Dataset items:
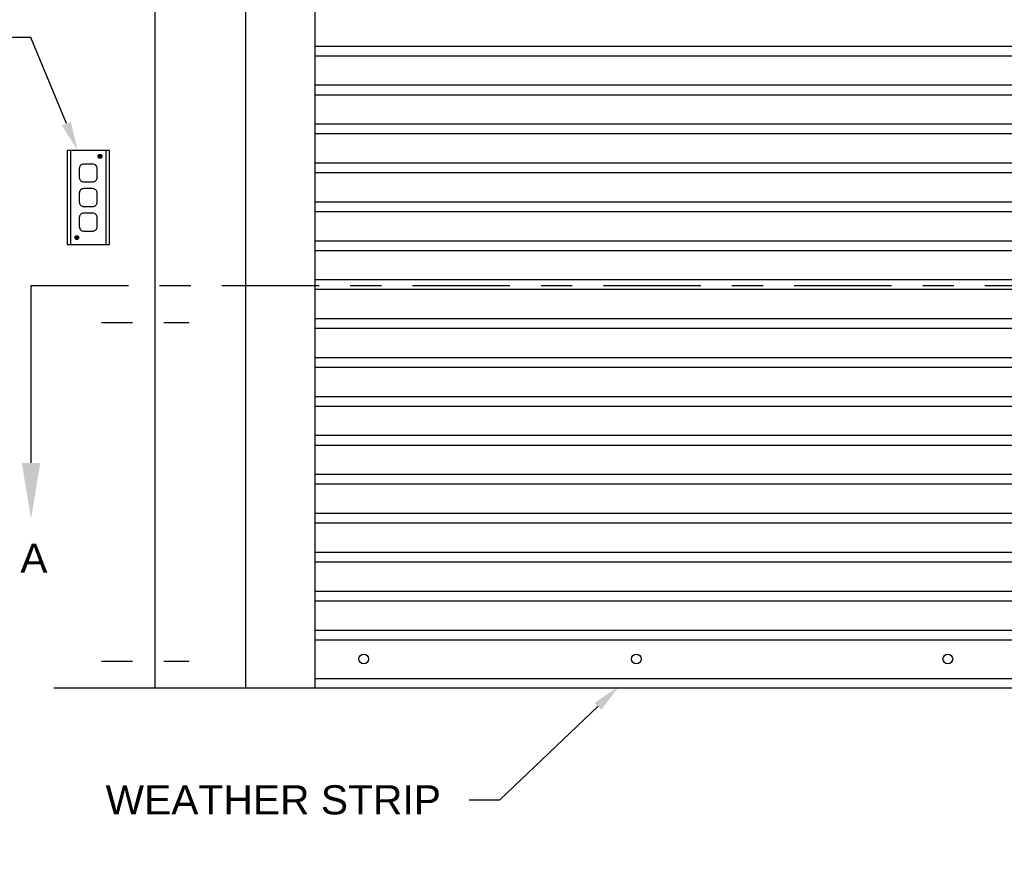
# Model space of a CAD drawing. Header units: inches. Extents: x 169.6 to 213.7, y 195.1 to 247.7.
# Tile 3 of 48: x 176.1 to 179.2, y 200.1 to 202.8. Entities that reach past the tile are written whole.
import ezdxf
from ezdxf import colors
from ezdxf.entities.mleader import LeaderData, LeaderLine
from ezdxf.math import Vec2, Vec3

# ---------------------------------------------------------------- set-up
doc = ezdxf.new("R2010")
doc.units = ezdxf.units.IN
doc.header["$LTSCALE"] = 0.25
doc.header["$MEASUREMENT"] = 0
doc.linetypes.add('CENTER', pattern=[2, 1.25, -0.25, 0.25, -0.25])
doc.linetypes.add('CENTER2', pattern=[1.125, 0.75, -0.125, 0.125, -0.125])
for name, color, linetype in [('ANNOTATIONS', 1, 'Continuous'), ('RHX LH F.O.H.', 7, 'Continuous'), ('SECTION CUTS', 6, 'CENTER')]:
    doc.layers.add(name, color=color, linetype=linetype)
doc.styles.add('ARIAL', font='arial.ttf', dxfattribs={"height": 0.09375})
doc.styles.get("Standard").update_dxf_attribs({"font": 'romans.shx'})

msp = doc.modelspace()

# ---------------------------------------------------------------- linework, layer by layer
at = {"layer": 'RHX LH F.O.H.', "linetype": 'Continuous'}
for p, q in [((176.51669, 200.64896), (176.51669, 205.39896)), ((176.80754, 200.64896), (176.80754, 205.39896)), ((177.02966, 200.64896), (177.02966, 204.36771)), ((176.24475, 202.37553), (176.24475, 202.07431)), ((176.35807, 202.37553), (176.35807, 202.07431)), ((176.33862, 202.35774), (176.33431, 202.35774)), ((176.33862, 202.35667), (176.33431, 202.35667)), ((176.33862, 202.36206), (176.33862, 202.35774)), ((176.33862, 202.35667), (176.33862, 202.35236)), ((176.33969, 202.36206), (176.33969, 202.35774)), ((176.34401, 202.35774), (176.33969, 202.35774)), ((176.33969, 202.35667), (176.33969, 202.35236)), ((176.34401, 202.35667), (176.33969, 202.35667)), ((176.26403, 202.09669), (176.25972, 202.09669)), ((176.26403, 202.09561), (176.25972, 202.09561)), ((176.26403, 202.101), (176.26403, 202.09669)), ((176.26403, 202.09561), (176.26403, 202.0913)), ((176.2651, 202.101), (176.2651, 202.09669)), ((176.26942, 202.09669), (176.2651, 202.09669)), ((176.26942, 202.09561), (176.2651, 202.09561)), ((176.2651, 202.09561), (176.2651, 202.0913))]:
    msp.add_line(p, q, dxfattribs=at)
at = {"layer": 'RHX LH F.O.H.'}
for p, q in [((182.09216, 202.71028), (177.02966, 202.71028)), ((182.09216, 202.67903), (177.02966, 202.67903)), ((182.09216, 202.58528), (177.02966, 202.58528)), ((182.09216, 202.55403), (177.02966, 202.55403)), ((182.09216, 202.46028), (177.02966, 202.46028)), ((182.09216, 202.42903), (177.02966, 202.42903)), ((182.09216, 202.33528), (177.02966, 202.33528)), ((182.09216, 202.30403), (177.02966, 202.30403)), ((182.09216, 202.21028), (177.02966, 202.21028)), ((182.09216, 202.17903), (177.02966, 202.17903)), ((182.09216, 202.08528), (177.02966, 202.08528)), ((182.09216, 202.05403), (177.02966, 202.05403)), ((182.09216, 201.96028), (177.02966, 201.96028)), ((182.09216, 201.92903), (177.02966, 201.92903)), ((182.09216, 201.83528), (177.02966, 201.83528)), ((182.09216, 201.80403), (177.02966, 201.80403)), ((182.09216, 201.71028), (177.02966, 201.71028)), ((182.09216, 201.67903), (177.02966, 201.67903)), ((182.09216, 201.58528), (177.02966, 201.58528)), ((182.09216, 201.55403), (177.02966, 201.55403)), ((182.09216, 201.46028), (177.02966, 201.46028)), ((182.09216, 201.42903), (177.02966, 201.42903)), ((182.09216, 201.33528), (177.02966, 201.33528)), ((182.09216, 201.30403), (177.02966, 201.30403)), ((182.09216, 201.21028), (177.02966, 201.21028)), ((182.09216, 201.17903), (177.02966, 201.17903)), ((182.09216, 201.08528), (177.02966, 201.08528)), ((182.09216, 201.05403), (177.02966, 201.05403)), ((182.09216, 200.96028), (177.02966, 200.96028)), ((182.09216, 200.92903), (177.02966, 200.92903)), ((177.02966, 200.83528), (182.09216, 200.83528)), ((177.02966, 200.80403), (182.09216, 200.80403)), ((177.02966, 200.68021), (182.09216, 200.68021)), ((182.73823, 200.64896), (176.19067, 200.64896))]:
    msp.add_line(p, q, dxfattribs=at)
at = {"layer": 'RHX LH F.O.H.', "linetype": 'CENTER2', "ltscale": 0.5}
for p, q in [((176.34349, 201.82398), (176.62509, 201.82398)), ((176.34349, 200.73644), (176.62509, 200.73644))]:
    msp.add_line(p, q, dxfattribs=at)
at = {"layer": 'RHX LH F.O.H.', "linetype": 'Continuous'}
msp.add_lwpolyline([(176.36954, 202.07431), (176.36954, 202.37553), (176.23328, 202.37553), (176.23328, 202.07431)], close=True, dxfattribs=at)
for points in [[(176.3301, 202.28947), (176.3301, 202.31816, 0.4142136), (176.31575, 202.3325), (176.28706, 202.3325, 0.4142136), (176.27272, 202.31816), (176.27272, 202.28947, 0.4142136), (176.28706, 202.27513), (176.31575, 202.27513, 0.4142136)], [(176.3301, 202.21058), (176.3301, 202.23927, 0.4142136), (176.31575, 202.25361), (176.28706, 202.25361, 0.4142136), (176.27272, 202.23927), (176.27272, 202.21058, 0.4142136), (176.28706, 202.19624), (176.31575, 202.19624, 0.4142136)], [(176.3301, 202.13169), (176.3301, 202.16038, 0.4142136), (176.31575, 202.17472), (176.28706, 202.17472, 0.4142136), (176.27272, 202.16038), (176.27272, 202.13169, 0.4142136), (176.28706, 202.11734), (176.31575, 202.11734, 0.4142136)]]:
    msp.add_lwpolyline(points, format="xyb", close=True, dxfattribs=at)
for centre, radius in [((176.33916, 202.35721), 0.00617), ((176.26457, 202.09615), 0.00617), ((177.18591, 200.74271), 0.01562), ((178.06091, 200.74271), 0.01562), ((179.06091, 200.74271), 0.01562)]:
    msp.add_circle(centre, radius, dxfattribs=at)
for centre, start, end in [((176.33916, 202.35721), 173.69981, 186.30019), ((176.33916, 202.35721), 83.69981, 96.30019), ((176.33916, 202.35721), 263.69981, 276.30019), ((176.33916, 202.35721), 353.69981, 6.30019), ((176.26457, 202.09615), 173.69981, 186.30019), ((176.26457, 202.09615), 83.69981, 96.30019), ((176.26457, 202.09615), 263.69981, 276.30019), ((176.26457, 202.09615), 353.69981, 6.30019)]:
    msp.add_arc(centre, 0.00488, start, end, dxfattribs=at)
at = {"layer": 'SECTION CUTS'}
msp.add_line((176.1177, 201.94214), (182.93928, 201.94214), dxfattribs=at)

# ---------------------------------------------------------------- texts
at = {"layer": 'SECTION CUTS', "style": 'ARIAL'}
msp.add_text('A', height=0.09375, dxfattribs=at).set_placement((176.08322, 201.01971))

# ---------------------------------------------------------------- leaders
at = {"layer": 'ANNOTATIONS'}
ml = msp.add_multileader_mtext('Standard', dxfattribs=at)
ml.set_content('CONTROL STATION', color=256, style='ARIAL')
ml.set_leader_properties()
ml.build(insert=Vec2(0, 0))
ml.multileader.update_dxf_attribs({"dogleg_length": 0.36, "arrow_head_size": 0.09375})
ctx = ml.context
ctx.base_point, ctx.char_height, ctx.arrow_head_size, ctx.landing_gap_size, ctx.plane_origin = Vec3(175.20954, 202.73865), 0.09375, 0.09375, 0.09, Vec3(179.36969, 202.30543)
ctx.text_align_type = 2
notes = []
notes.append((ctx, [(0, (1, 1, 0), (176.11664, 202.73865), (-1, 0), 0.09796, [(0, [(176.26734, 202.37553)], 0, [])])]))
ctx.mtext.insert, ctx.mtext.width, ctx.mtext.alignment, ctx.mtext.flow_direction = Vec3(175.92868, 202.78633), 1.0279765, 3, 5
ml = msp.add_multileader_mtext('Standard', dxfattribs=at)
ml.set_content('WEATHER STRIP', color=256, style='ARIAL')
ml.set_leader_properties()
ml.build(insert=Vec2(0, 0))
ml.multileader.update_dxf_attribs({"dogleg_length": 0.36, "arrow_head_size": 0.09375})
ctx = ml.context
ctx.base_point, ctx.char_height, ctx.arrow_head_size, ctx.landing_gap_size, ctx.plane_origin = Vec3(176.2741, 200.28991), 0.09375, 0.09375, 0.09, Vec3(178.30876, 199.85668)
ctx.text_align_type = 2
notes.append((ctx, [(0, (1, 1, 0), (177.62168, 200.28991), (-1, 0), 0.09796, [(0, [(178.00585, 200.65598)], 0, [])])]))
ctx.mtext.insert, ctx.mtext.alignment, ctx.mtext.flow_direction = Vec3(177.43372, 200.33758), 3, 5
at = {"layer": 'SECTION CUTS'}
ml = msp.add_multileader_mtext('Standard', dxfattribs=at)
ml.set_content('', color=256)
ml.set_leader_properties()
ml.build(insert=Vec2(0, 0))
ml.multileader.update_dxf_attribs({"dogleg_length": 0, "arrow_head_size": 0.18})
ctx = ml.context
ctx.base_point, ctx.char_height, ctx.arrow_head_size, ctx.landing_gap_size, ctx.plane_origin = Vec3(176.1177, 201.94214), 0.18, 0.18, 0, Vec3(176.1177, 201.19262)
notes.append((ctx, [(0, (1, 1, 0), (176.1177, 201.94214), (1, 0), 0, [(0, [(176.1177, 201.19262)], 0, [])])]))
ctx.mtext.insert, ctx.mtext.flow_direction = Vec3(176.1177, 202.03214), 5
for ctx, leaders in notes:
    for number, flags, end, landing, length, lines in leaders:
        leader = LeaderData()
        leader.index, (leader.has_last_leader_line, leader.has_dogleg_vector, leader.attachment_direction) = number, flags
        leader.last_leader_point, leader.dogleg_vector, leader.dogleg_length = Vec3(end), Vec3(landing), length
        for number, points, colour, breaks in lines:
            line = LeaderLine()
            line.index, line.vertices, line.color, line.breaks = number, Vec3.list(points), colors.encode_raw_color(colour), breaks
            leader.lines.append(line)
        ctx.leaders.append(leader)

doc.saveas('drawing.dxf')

Problem requirements => Copy out each line of the entries above that holds "colors".

Final answer =>
from ezdxf import colors
            line.index, line.vertices, line.color, line.breaks = number, Vec3.list(points), colors.encode_raw_color(colour), breaks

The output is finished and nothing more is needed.